Little River is still in good shape despite the fact that we have not had rain in a few days.  Flow is 120 cubic feet per second (cfs) or 1.7 feet on the flow gauge.  Median flow for this date is 71 cfs.  The water temperature at 7:55 am is 62.8 degrees.  Awesome.

Fishing was very good this weekend in the Smokies.  We heard very few complaints from anglers.  I’m sure some trout had a few complaints.  Four young men who had been camping at Elkmont came up to my office yesterday.  They were on their way home in Nashville.  One of the guys sent me an e-mail last week asking for advice.  I told them to fish around Elkmont and venture upstream.  They did and reported the fishing was great.  Their top producing fly was the Yellow Neversink Caddis.  What a great dry fly.

We buy hundreds of Neversink Caddis each year from Holly Flies in Mount Holly Springs, Pennsylvania. I say “hundreds”, it is more accurate to say “thousands”.  Sometimes we sell “hundreds” in a week or so.  Why?  Because they work in the Smokies.  The trout think they are yellow stoneflies.  Anglers can see the fly on the water.  The foam body floats well.  We know your chances for catching trout will be good when you use the Neversink from mid Spring through the Fall. 

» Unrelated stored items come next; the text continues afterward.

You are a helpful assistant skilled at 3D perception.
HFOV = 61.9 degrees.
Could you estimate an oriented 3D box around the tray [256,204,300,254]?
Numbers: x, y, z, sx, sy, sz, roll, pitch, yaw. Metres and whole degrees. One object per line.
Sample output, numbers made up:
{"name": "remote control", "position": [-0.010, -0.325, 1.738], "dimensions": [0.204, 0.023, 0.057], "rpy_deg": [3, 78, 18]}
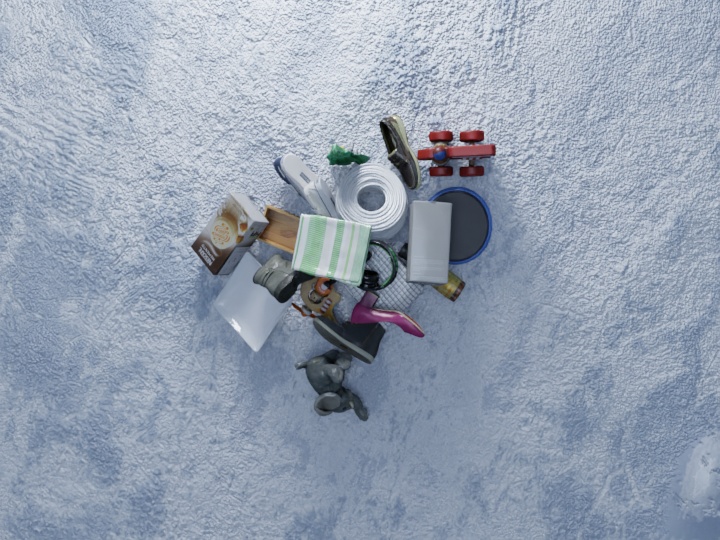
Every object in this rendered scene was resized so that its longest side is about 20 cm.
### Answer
{"name": "tray", "position": [-0.184, -0.100, 1.672], "dimensions": [0.194, 0.037, 0.102], "rpy_deg": [21, 99, 8]}

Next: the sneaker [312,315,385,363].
{"name": "sneaker", "position": [-0.031, 0.158, 1.639], "dimensions": [0.197, 0.075, 0.108], "rpy_deg": [33, 66, -7]}

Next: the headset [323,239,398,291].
{"name": "headset", "position": [0.000, 0.000, 1.537], "dimensions": [0.195, 0.094, 0.127], "rpy_deg": [-18, 95, 28]}

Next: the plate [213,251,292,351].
{"name": "plate", "position": [-0.299, 0.088, 1.693], "dimensions": [0.199, 0.032, 0.202], "rpy_deg": [42, 107, 15]}

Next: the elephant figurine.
{"name": "elephant figurine", "position": [-0.076, 0.336, 1.661], "dimensions": [0.152, 0.140, 0.207], "rpy_deg": [12, 116, 36]}

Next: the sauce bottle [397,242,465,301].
{"name": "sauce bottle", "position": [0.187, 0.002, 1.607], "dimensions": [0.197, 0.066, 0.067], "rpy_deg": [36, 100, 6]}

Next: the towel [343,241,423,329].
{"name": "towel", "position": [0.054, 0.028, 1.623], "dimensions": [0.200, 0.086, 0.166], "rpy_deg": [45, 102, 1]}

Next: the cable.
{"name": "cable", "position": [0.030, -0.179, 1.567], "dimensions": [0.194, 0.070, 0.205], "rpy_deg": [20, 69, 7]}

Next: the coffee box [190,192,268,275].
{"name": "coffee box", "position": [-0.361, -0.099, 1.661], "dimensions": [0.115, 0.079, 0.201], "rpy_deg": [45, 107, 15]}

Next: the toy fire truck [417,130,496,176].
{"name": "toy fire truck", "position": [0.239, -0.297, 1.513], "dimensions": [0.192, 0.168, 0.117], "rpy_deg": [1, 96, 9]}

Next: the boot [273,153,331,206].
{"name": "boot", "position": [-0.153, -0.236, 1.642], "dimensions": [0.073, 0.090, 0.201], "rpy_deg": [-47, 114, -16]}

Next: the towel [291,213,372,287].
{"name": "towel", "position": [-0.076, -0.054, 1.520], "dimensions": [0.193, 0.023, 0.158], "rpy_deg": [12, 93, 19]}

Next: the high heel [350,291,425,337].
{"name": "high heel", "position": [0.070, 0.141, 1.559], "dimensions": [0.197, 0.067, 0.098], "rpy_deg": [33, 94, 19]}

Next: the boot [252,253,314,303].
{"name": "boot", "position": [-0.192, -0.014, 1.620], "dimensions": [0.199, 0.069, 0.130], "rpy_deg": [-41, 53, -20]}

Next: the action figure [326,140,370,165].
{"name": "action figure", "position": [-0.045, -0.298, 1.545], "dimensions": [0.114, 0.200, 0.057], "rpy_deg": [-11, 94, 9]}

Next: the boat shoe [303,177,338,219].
{"name": "boat shoe", "position": [-0.089, -0.144, 1.607], "dimensions": [0.068, 0.072, 0.203], "rpy_deg": [-22, 114, 18]}

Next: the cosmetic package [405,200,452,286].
{"name": "cosmetic package", "position": [0.173, -0.069, 1.530], "dimensions": [0.103, 0.090, 0.208], "rpy_deg": [5, 85, -2]}

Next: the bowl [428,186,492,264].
{"name": "bowl", "position": [0.252, -0.118, 1.595], "dimensions": [0.193, 0.039, 0.209], "rpy_deg": [1, 96, 10]}

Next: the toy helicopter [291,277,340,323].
{"name": "toy helicopter", "position": [-0.105, 0.113, 1.665], "dimensions": [0.129, 0.079, 0.205], "rpy_deg": [-26, 104, 4]}

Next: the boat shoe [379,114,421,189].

Though the water is much higher than normal, it is still on the low side.  “Dress for success” in camo or muted colors so you can stay hidden from the trout.  Make short casts in choppy water and make sure your fly is moving at the same rate of speed that the current is moving.  Keep as much fly line off the water as you can.  You might want to use 6X tippet today depending on where you are fishing.  5X may be OK.  I would start with 5X.

Josh is reporting some great smallmouth bass fishing in the tailwaters.  The bass are taking poppers and other topwater flies.  Tom came by yesterday and said he has been catching some nice smallies on poppers in the lakes.  He said he is catching big bluegill on poppers too.  I don’t fish the lakes he fishes.  I never have.  We have so many lakes around here, we fish those close to home.  Maybe it is time to venture out to Cherokee or Douglas.  I’ve never been on either one.  Maybe it’s time to start using poppers again.  Wednesday will be popper day for me.

Cool weather remains and the chance for rain returns this week.  We all love that.  It is going to be comfortable and quiet.

Lets face it, Fall has pretty much arrived.  It could be snowing in 6 weeks.  That has happened before in October. 

Paula and I planned a short backpacking/fishing trip to campsite 18 on the West Prong of Little River a few years ago.  It was Halloween.  It snowed the night before our trip.  It was still snowing when we hiked in.  It was one of those sticky snow events.  The roads in the Park were fine.  I remember walking through the woods and having snow drop down my neck into my jacket.  Once we got there, pitched the tent and built a fire, everything was great.  Fishing was great too.  I’ll never forget that trip.  Camping in the snow is a lot of fun.

We have a mountain view from our house.  Often, it snows in the mountains but only rains where we live in the valley.  When the sun comes up the next morning, the mountains are white.  It can be a welcome surprise.  I like snow much better when I don’t have to drive in it.  I do like looking at it.  It won’t be long.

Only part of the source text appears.